**TASK PROMPT:** Copy each line below containing "China".

**DATA EXCERPTS:**
########################################
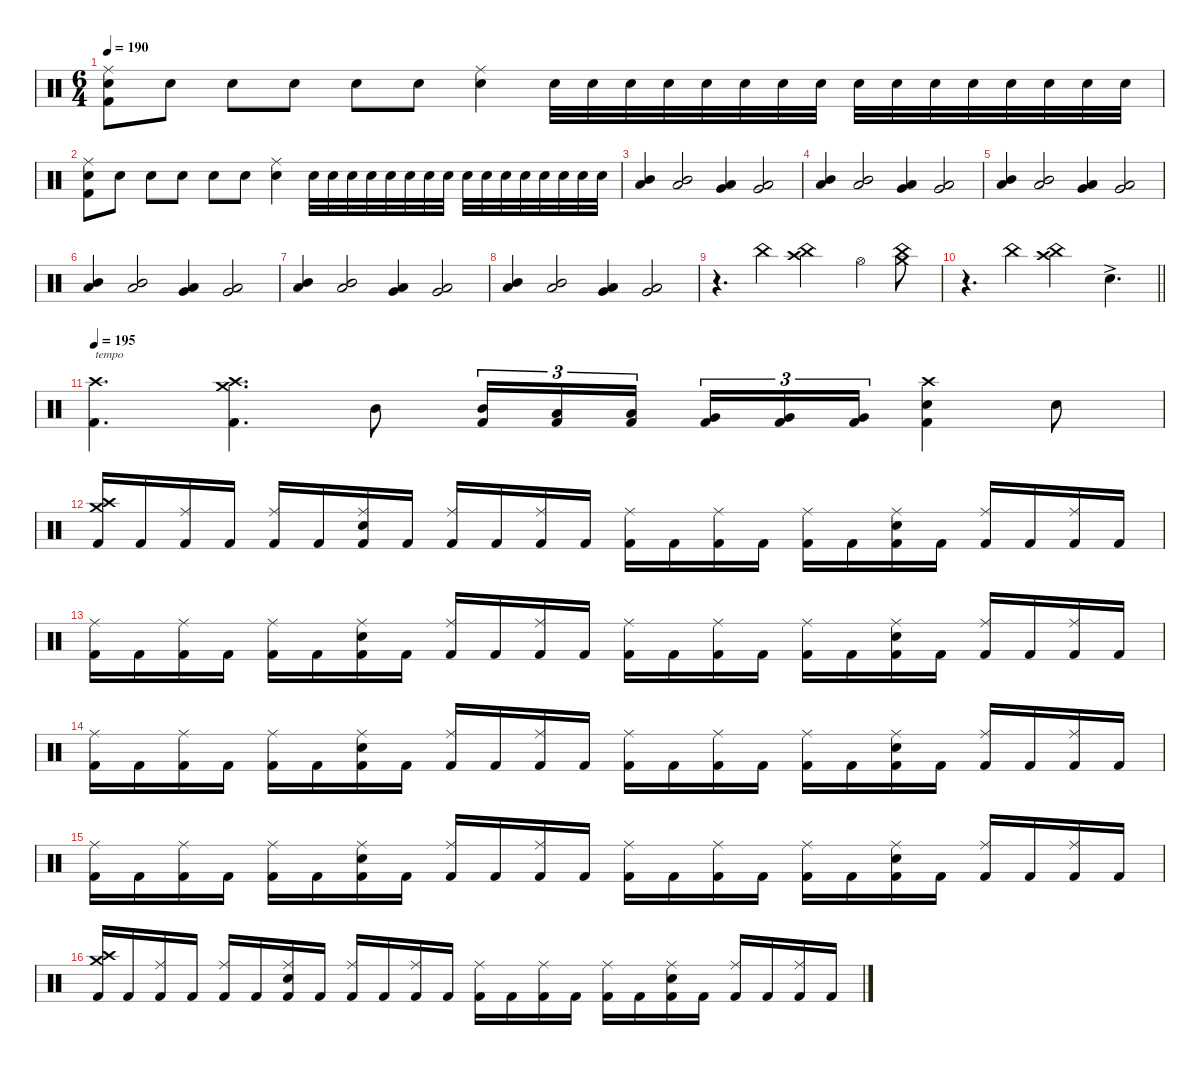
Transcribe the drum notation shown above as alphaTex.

\defaultSystemsLayout 4
\hideDynamics
\bracketExtendMode nobrackets
\singleTrackTrackNamePolicy hidden
\multiTrackTrackNamePolicy hidden
\firstSystemTrackNameMode fullname
\firstSystemTrackNameOrientation horizontal
\otherSystemsTrackNameOrientation horizontal
\track ("Drums" "drm.") {instrument percussion}
\staff {score}
\articulation defaults
\ts (6 4)
\tempo 190
\clef neutral
\ks c
("Ride (middle)" "Snare (hit) 2" "Kick (hit) 2").8{dy f beam Down} "Snare (hit) 2".8{dy mp beam Down} "Snare (hit) 2".8{beam Down} "Snare (hit) 2".8{beam Down} "Snare (hit) 2".8{dy p beam Down} "Snare (hit) 2".8{beam Down} ("Ride (middle)" "Snare (hit) 2").4{dy mf beam Down} "Snare (hit) 2".32{dy p beam Down} "Snare (hit) 2".32{beam Down} "Snare (hit) 2".32{beam Down} "Snare (hit) 2".32{beam Down} "Snare (hit) 2".32{beam Down} "Snare (hit) 2".32{beam Down} "Snare (hit) 2".32{beam Down} "Snare (hit) 2".32{dy pp beam Down} "Snare (hit) 2".32{beam Down} "Snare (hit) 2".32{beam Down} "Snare (hit) 2".32{dy p beam Down} "Snare (hit) 2".32{beam Down} "Snare (hit) 2".32{beam Down} "Snare (hit) 2".32{beam Down} "Snare (hit) 2".32{beam Down} "Snare (hit) 2".32{beam Down} |
("Ride (middle)" "Snare (hit) 2" "Kick (hit) 2").8{dy f beam Down} "Snare (hit) 2".8{dy mp beam Down} "Snare (hit) 2".8{beam Down} "Snare (hit) 2".8{beam Down} "Snare (hit) 2".8{dy p beam Down} "Snare (hit) 2".8{beam Down} ("Ride (middle)" "Snare (hit) 2").4{dy mf beam Down} "Snare (hit) 2".32{dy p beam Down} "Snare (hit) 2".32{beam Down} "Snare (hit) 2".32{beam Down} "Snare (hit) 2".32{beam Down} "Snare (hit) 2".32{beam Down} "Snare (hit) 2".32{beam Down} "Snare (hit) 2".32{beam Down} "Snare (hit) 2".32{dy pp beam Down} "Snare (hit) 2".32{beam Down} "Snare (hit) 2".32{beam Down} "Snare (hit) 2".32{dy p beam Down} "Snare (hit) 2".32{beam Down} "Snare (hit) 2".32{beam Down} "Snare (hit) 2".32{beam Down} "Snare (hit) 2".32{beam Down} "Snare (hit) 2".32{beam Down} |
("Mid Tom (hit)" "Low Tom (hit)").4{dy mf beam Up} ("Mid Tom (hit)" "Low Tom (hit)").2{beam Up} ("Low Tom (hit)" "Very Low Tom (hit)").4{beam Up} ("Low Tom (hit)" "Very Low Tom (hit)").2{beam Up} |
("Mid Tom (hit)" "Low Tom (hit)").4{beam Up} ("Mid Tom (hit)" "Low Tom (hit)").2{beam Up} ("Low Tom (hit)" "Very Low Tom (hit)").4{beam Up} ("Low Tom (hit)" "Very Low Tom (hit)").2{beam Up} |
("Mid Tom (hit)" "Low Tom (hit)").4{beam Up} ("Mid Tom (hit)" "Low Tom (hit)").2{beam Up} ("Low Tom (hit)" "Very Low Tom (hit)").4{beam Up} ("Low Tom (hit)" "Very Low Tom (hit)").2{beam Up} |
("Mid Tom (hit)" "Low Tom (hit)").4{beam Up} ("Mid Tom (hit)" "Low Tom (hit)").2{beam Up} ("Low Tom (hit)" "Very Low Tom (hit)").4{beam Up} ("Low Tom (hit)" "Very Low Tom (hit)").2{beam Up} |
("Mid Tom (hit)" "Low Tom (hit)").4{beam Up} ("Mid Tom (hit)" "Low Tom (hit)").2{beam Up} ("Low Tom (hit)" "Very Low Tom (hit)").4{beam Up} ("Low Tom (hit)" "Very Low Tom (hit)").2{beam Up} |
("Mid Tom (hit)" "Low Tom (hit)").4{beam Up} ("Mid Tom (hit)" "Low Tom (hit)").2{beam Up} ("Low Tom (hit)" "Very Low Tom (hit)").4{beam Up} ("Low Tom (hit)" "Very Low Tom (hit)").2{beam Up} |
r.4{d beam Down} "China (hit)".4{beam Down} ("China (hit)" "Crash high (hit)").2{beam Down} "Hi-Hat (open)".4{dy mp beam Down} ("China (hit)" "Crash medium (hit)").8{dy mf beam Down} |
\barLineRight lightlight
r.4{d beam Down} "China (hit)".4{beam Down} ("China (hit)" "Crash high (hit)").2{dy mp beam Down} "Snare (hit) 2"{ac}.4{d dy fff beam Down} |
\tempo 195
("Crash high (hit)" "Kick (hit) 2").4{d txt "tempo" dy f beam Down} ("Crash high (hit)" "Crash medium (hit)" "Kick (hit) 2").4{d beam Down} "Mid Tom (hit)".8{beam Down} ("Mid Tom (hit)" "Kick (hit) 2").16{tu (3 2) beam Up} ("Low Tom (hit)" "Kick (hit) 2").16{tu (3 2) beam Up} ("Low Tom (hit)" "Kick (hit) 2").16{tu (3 2) beam Up} ("Very Low Tom (hit)" "Kick (hit) 2").16{tu (3 2) beam Up} ("Very Low Tom (hit)" "Kick (hit) 2").16{tu (3 2) beam Up} ("Very Low Tom (hit)" "Kick (hit) 2").16{tu (3 2) beam Up} ("Crash high (hit)" "Snare (hit) 2" "Kick (hit) 2").4{beam Down} "Snare (hit) 2".8{beam Down} |
("Crash high (hit)" "Crash medium (hit)" "Kick (hit) 2").16{beam Up} "Kick (hit) 2".16{beam Up} ("Ride (middle)" "Kick (hit) 2").16{dy mf beam Up} "Kick (hit) 2".16{dy f beam Up} ("Ride (middle)" "Kick (hit) 2").16{dy mf beam Up} "Kick (hit) 2".16{dy f beam Up} ("Ride (middle)" "Snare (hit) 2" "Kick (hit) 2").16{dy mf beam Up} "Kick (hit) 2".16{dy f beam Up} ("Ride (middle)" "Kick (hit) 2").16{dy mf beam Up} "Kick (hit) 2".16{dy f beam Up} ("Ride (middle)" "Kick (hit) 2").16{dy mf beam Up} "Kick (hit) 2".16{dy f beam Up} ("Ride (middle)" "Kick (hit) 2").16{dy mf beam Down} "Kick (hit) 2".16{dy f beam Down} ("Ride (middle)" "Kick (hit) 2").16{dy mf beam Down} "Kick (hit) 2".16{dy f beam Down} ("Ride (middle)" "Kick (hit) 2").16{dy mf beam Down} "Kick (hit) 2".16{dy f beam Down} ("Ride (middle)" "Snare (hit) 2" "Kick (hit) 2").16{dy mf beam Up} "Kick (hit) 2".16{dy f beam Up} ("Ride (middle)" "Kick (hit) 2").16{dy mf beam Up} "Kick (hit) 2".16{dy f beam Up} ("Ride (middle)" "Kick (hit) 2").16{dy mf beam Up} "Kick (hit) 2".16{dy f beam Up} |
("Ride (middle)" "Kick (hit) 2").16{dy mf beam Down} "Kick (hit) 2".16{dy f beam Down} ("Ride (middle)" "Kick (hit) 2").16{dy mf beam Down} "Kick (hit) 2".16{dy f beam Down} ("Ride (middle)" "Kick (hit) 2").16{dy mf beam Down} "Kick (hit) 2".16{dy f beam Down} ("Ride (middle)" "Snare (hit) 2" "Kick (hit) 2").16{dy mf beam Up} "Kick (hit) 2".16{dy f beam Up} ("Ride (middle)" "Kick (hit) 2").16{dy mf beam Up} "Kick (hit) 2".16{dy f beam Up} ("Ride (middle)" "Kick (hit) 2").16{dy mf beam Up} "Kick (hit) 2".16{dy f beam Up} ("Ride (middle)" "Kick (hit) 2").16{dy mf beam Down} "Kick (hit) 2".16{dy f beam Down} ("Ride (middle)" "Kick (hit) 2").16{dy mf beam Down} "Kick (hit) 2".16{dy f beam Down} ("Ride (middle)" "Kick (hit) 2").16{dy mf beam Down} "Kick (hit) 2".16{dy f beam Down} ("Ride (middle)" "Snare (hit) 2" "Kick (hit) 2").16{dy mf beam Up} "Kick (hit) 2".16{dy f beam Up} ("Ride (middle)" "Kick (hit) 2").16{dy mf beam Up} "Kick (hit) 2".16{dy f beam Up} ("Ride (middle)" "Kick (hit) 2").16{dy mf beam Up} "Kick (hit) 2".16{dy f beam Up} |
("Ride (middle)" "Kick (hit) 2").16{dy mf beam Down} "Kick (hit) 2".16{dy f beam Down} ("Ride (middle)" "Kick (hit) 2").16{dy mf beam Down} "Kick (hit) 2".16{dy f beam Down} ("Ride (middle)" "Kick (hit) 2").16{dy mf beam Down} "Kick (hit) 2".16{dy f beam Down} ("Ride (middle)" "Snare (hit) 2" "Kick (hit) 2").16{dy mf beam Up} "Kick (hit) 2".16{dy f beam Up} ("Ride (middle)" "Kick (hit) 2").16{dy mf beam Up} "Kick (hit) 2".16{dy f beam Up} ("Ride (middle)" "Kick (hit) 2").16{dy mf beam Up} "Kick (hit) 2".16{dy f beam Up} ("Ride (middle)" "Kick (hit) 2").16{dy mf beam Down} "Kick (hit) 2".16{dy f beam Down} ("Ride (middle)" "Kick (hit) 2").16{dy mf beam Down} "Kick (hit) 2".16{dy f beam Down} ("Ride (middle)" "Kick (hit) 2").16{dy mf beam Down} "Kick (hit) 2".16{dy f beam Down} ("Ride (middle)" "Snare (hit) 2" "Kick (hit) 2").16{dy mf beam Up} "Kick (hit) 2".16{dy f beam Up} ("Ride (middle)" "Kick (hit) 2").16{dy mf beam Up} "Kick (hit) 2".16{dy f beam Up} ("Ride (middle)" "Kick (hit) 2").16{dy mf beam Up} "Kick (hit) 2".16{dy f beam Up} |
("Ride (middle)" "Kick (hit) 2").16{dy mf beam Down} "Kick (hit) 2".16{dy f beam Down} ("Ride (middle)" "Kick (hit) 2").16{dy mf beam Down} "Kick (hit) 2".16{dy f beam Down} ("Ride (middle)" "Kick (hit) 2").16{dy mf beam Down} "Kick (hit) 2".16{dy f beam Down} ("Ride (middle)" "Snare (hit) 2" "Kick (hit) 2").16{dy mf beam Up} "Kick (hit) 2".16{dy f beam Up} ("Ride (middle)" "Kick (hit) 2").16{dy mf beam Up} "Kick (hit) 2".16{dy f beam Up} ("Ride (middle)" "Kick (hit) 2").16{dy mf beam Up} "Kick (hit) 2".16{dy f beam Up} ("Ride (middle)" "Kick (hit) 2").16{dy mf beam Down} "Kick (hit) 2".16{dy f beam Down} ("Ride (middle)" "Kick (hit) 2").16{dy mf beam Down} "Kick (hit) 2".16{dy f beam Down} ("Ride (middle)" "Kick (hit) 2").16{dy mf beam Down} "Kick (hit) 2".16{dy f beam Down} ("Ride (middle)" "Snare (hit) 2" "Kick (hit) 2").16{dy mf beam Up} "Kick (hit) 2".16{dy f beam Up} ("Ride (middle)" "Kick (hit) 2").16{dy mf beam Up} "Kick (hit) 2".16{dy f beam Up} ("Ride (middle)" "Kick (hit) 2").16{dy mf beam Up} "Kick (hit) 2".16{dy f beam Up} |
("Crash high (hit)" "Crash medium (hit)" "Kick (hit) 2").16{beam Up} "Kick (hit) 2".16{beam Up} ("Ride (middle)" "Kick (hit) 2").16{dy mf beam Up} "Kick (hit) 2".16{dy f beam Up} ("Ride (middle)" "Kick (hit) 2").16{dy mf beam Up} "Kick (hit) 2".16{dy f beam Up} ("Ride (middle)" "Snare (hit) 2" "Kick (hit) 2").16{dy mf beam Up} "Kick (hit) 2".16{dy f beam Up} ("Ride (middle)" "Kick (hit) 2").16{dy mf beam Up} "Kick (hit) 2".16{dy f beam Up} ("Ride (middle)" "Kick (hit) 2").16{dy mf beam Up} "Kick (hit) 2".16{dy f beam Up} ("Ride (middle)" "Kick (hit) 2").16{dy mf beam Down} "Kick (hit) 2".16{dy f beam Down} ("Ride (middle)" "Kick (hit) 2").16{dy mf beam Down} "Kick (hit) 2".16{dy f beam Down} ("Ride (middle)" "Kick (hit) 2").16{dy mf beam Down} "Kick (hit) 2".16{dy f beam Down} ("Ride (middle)" "Snare (hit) 2" "Kick (hit) 2").16{dy mf beam Up} "Kick (hit) 2".16{dy f beam Up} ("Ride (middle)" "Kick (hit) 2").16{dy mf beam Up} "Kick (hit) 2".16{dy f beam Up} ("Ride (middle)" "Kick (hit) 2").16{dy mf beam Up} "Kick (hit) 2".16{dy f beam Up}
########################################
**EXERCISE ANSWER:**
r.4{d beam Down} "China (hit)".4{beam Down} ("China (hit)" "Crash high (hit)").2{beam Down} "Hi-Hat (open)".4{dy mp beam Down} ("China (hit)" "Crash medium (hit)").8{dy mf beam Down} |
r.4{d beam Down} "China (hit)".4{beam Down} ("China (hit)" "Crash high (hit)").2{dy mp beam Down} "Snare (hit) 2"{ac}.4{d dy fff beam Down} |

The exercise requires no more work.